Each value of the `collections` dictionary contains:

* `label`: Label of the **collection** used in the benchmark reporting to label the collections metrics
* **`parameters`**: this array section declares all the [OpenSearch Parameters](#opensearch-parameter) to build the catalogue query that defines the collection

#### OpenSearch **parameter**

Each **collection** in a **set** is defined by the filters used to build the catalogue query towards the Target Site. Since all target Sites do not used the same filters, the [OpenSearch](https://github.com/dewitt/opensearch/blob/main/opensearch-1-1-draft-6.md) and its extensions are used as a common standard to define those filters.
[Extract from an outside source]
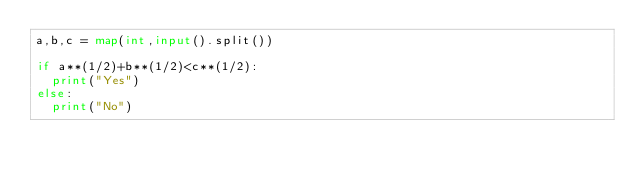Convert code to text. <code><loc_0><loc_0><loc_500><loc_500><_Python_>a,b,c = map(int,input().split())

if a**(1/2)+b**(1/2)<c**(1/2):
  print("Yes")
else:
  print("No")</code> 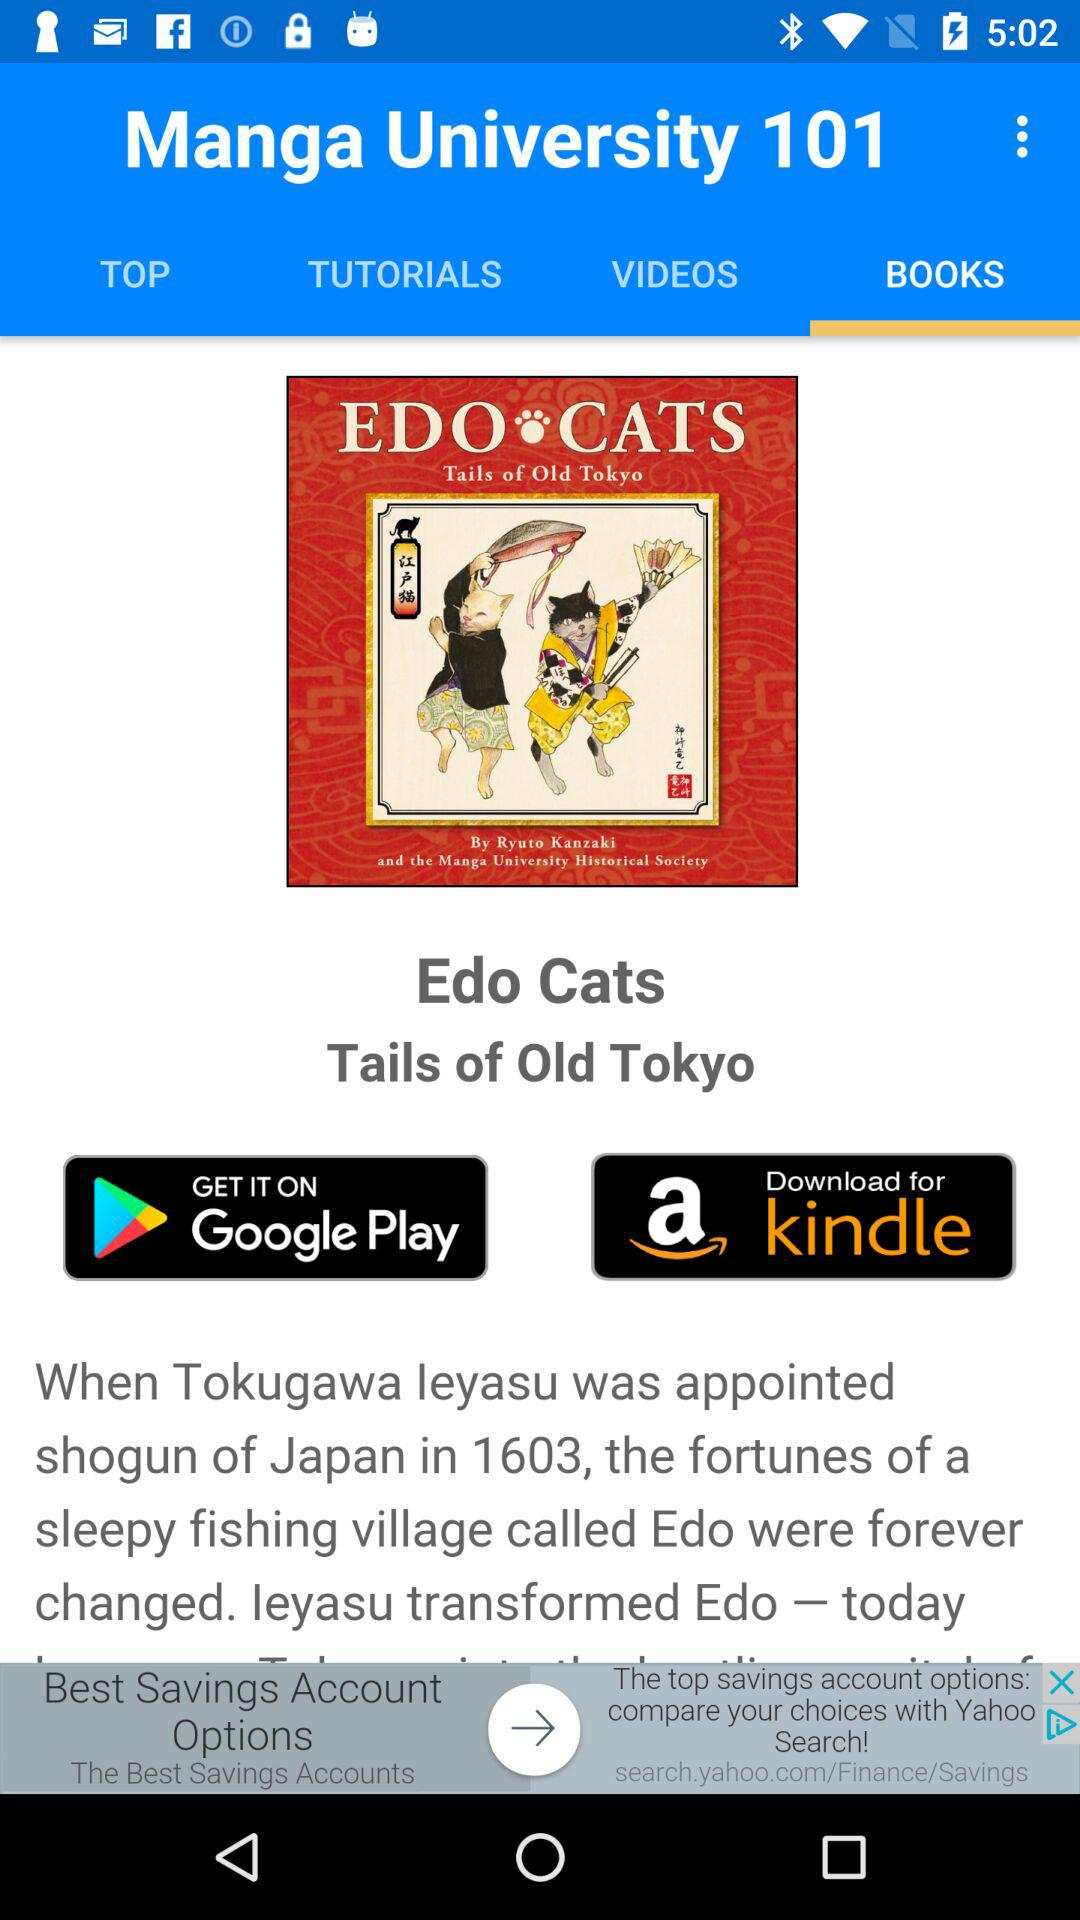What is the app name? The app name is "Manga University 101". 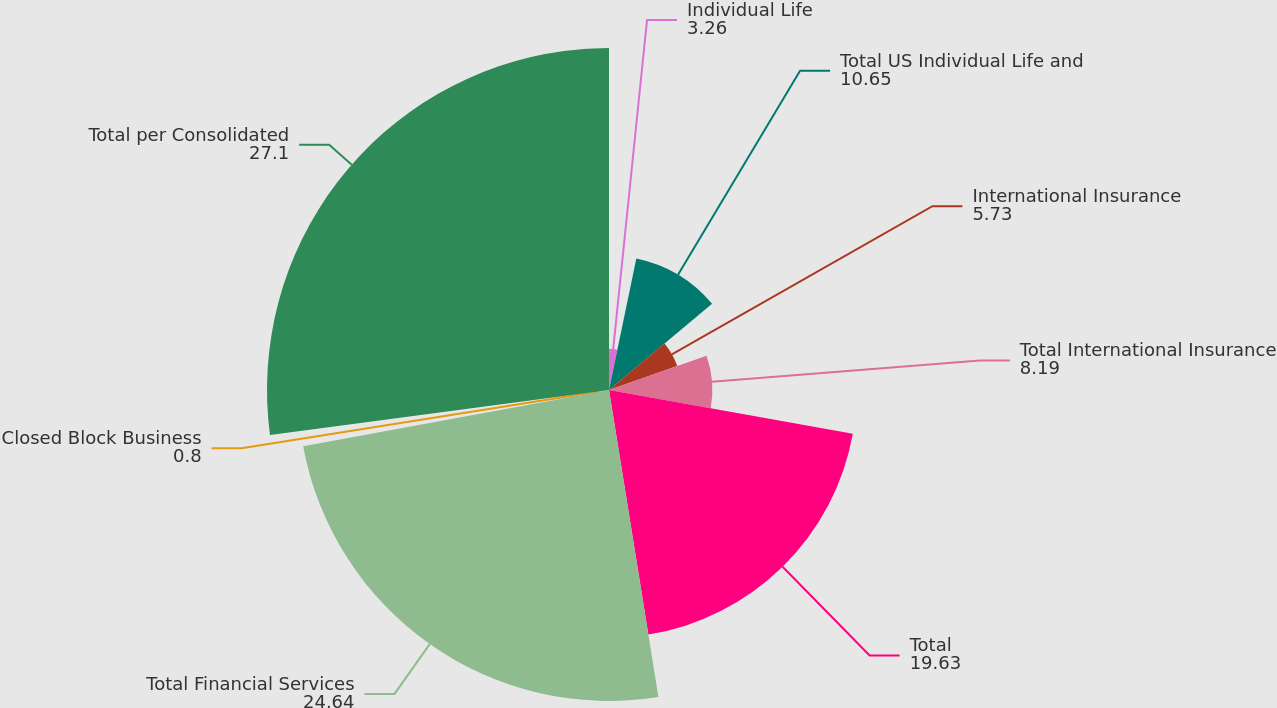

The Test Suiste then maps the filters accordingly for each Target Site's data access catalogue search function.

Each item of the `parameters` array contains:

* `key`: unique key in the array identifying the filter
* `full_name`: OpenSearch Fully Qualified Name of the filter in the form `{namespace}name`. The following namespaces and their filters are supported:
  * `http://a9.com/-/spec/opensearch/1.1/`: Common [OpenSearch](https://github.com/dewitt/opensearch/blob/main/opensearch-1-1-draft-6.md) filters
  * `http://a9.com/-/opensearch/extensions/geo/1.0/`: Geographic filters of the [OpenSearch Geo and Time Extensions](https://www.ogc.org/standards/opensearchgeo)
  * `http://a9.com/-/opensearch/extensions/time/1.0/`: Time filters of the [OpenSearch Geo and Time Extensions](https://www.ogc.org/standards/opensearchgeo)
  * `http://a9.com/-/opensearch/extensions/eo/1.0/`: Earth Observation filters of the [OpenSearch Extension for Earth Observation](https://www.ogc.org/standards/opensearch-eo)
* `value`: value of the filter
* `label`: label of the filter used in the benchmark reporting to label the metrics.